В разгар сезона мы все работали на клубнике. Еду готовила нам Хилья. Она как эстонка, знавшая русских и русскую кухню, каждый день варила нам супы, готовила вкусные вторые блюда. Причем, любую еду она называла не иначе как «блюдо». Можно было услышать каждый день в обед:
— Ну, идите уже, я приготовила вам блюда!
Каждый день на сладкое были либо мороженное, либо йогурт (они чередовались через день), причем мороженное было на выбор – шоколадное, либо молочное, белое. На завтрак была какая-нибудь каша, или молочный суп, яичница, сосиски и что-то подобное. Распорядок дня был такой. С утра мы работали до обеда часа четыре. Потом был обед минут 40. Мы успевали за полчаса поесть и минут 10 поваляться на кровати, вытянуть уставшую спину. Потом еще работали часа два, после чего была кофейная пауза минут на 20. После нее ещё часа два собирали ягоды и на этом рабочий день заканчивался. Примерно в середине сезона приехала из Эстонии родная сестра Хильи, Майя, и тогда стала готовить нам еду она. Старожилы фермы говорили, что Майя вообще отменный кулинар, еще лучше Хильи, так что еда стала еще вкуснее и разнообразнее.

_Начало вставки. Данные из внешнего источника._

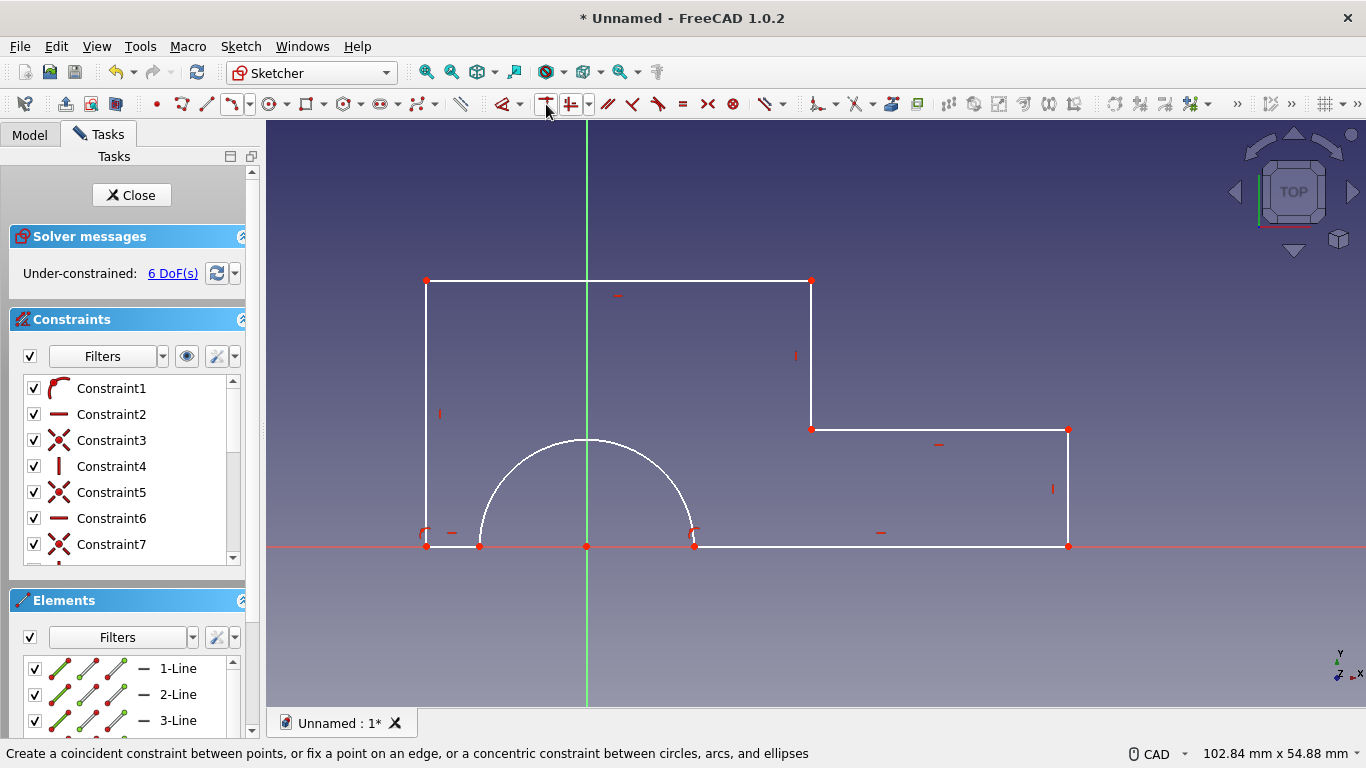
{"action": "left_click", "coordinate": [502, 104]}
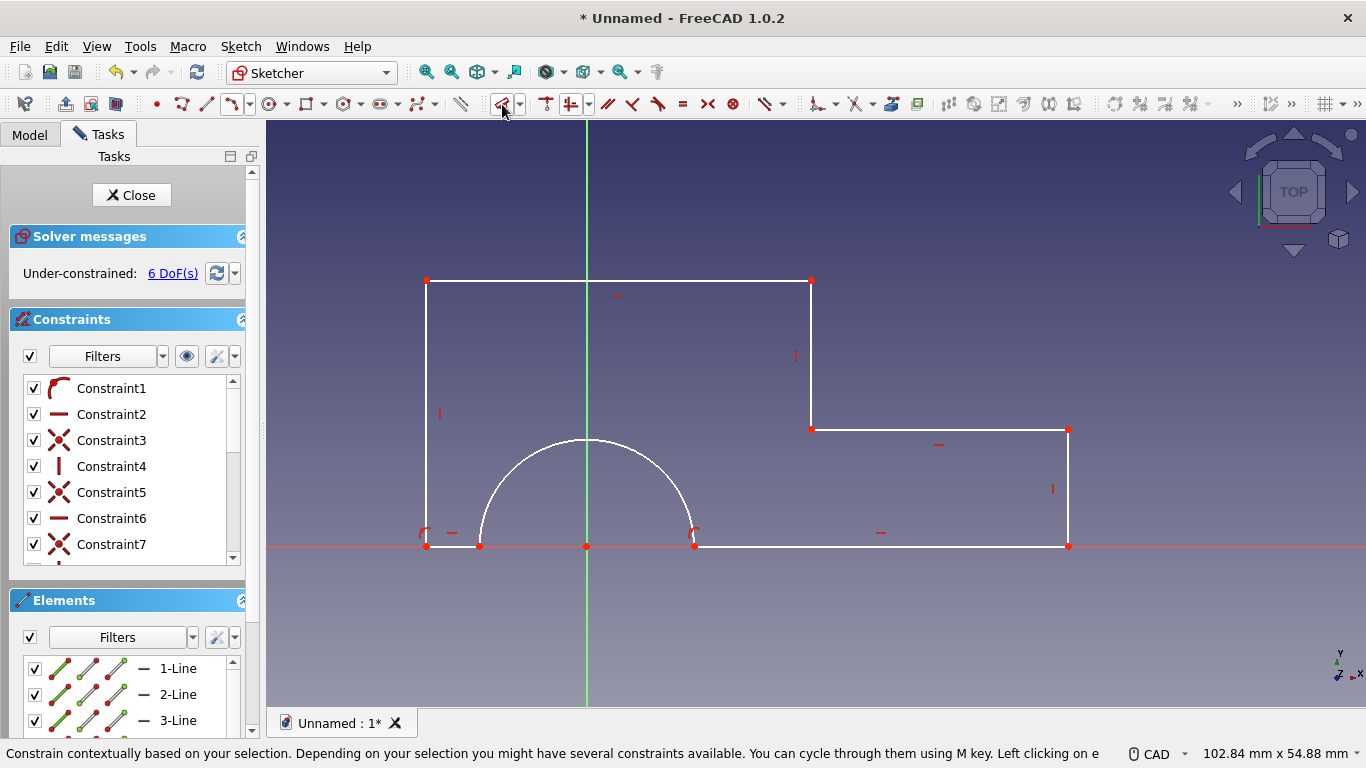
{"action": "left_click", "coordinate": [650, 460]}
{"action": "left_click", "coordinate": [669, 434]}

Что касается Ханну, то он, не говоривший ни на каких языках кроме финского, с нами почти не общался. Все вопросы решались через Хилью. Помню один забавный случай. Мы собрали одно поле, готовы были идти на второе. Но надо было узнать – нужно ли его собирать. Мы подошли к дому, все вместе. Вышла Хилья, мы стали спрашивать, нужно ли собирать второе поле. Хилья ответила:
— Ну, подождите, пойду, спрошу у Ханну.
Через минуту выходит и изрекает нам:
— Ханну будет думать.
Прошло еще минут десять, выходит и подытоживает:
— Ну, Ханну уже подумал – не надо собирать!
Таким образом, мы поняли, что финская мысль не очень быстра. А у меня лично фраза «Ханну будет думать» стала крылатой, я часто ее употребляю, говоря так сам о себе, когда мне надо что-то, действительно, обдумать. А еще, как я сказал, дом стоял на вершине пологого холма, и из него были видны практически все поля, так вот Ханну сидел дома и наблюдал за нами в бинокль – хорошо ли мы работаем.
Иногда Ханну любил съездить в город, посидеть в баре. Обычно из бара его забирала и привозила домой Хилья (до города Суоненъёки 18 км) Надо же было так случиться, что именно в тот день приехала ее сестра Майя, и они вечерком дома с ней тоже пропустили по стаканчику. Когда Ханну приказал Хилье ехать за ним, она сказала, что тоже слегка навеселе и в город ехать не может. Ох, что тут было! Ханну извергал проклятия уже по телефону. Он злился, что теперь ему придется заказывать такси, а это очень дорого. Когда же он приехал, то устроил Хилье настоящий разнос: его громогласные крики разносились над озером, а по дому летали кастрюли и прочий инвентарь. Света с Геной, жившие, как я уже говорил, в их доме, вынуждены были заткнуть уши, чтобы попытаться уснуть. На следующий день, когда я собирал клубнику, ко мне подошла Хилья, и стала жаловаться на семейную жизнь, а также предостерегать меня:
— Если захочешь жениться, лучше не женись. Если что – чемоданы взяль и пошёль!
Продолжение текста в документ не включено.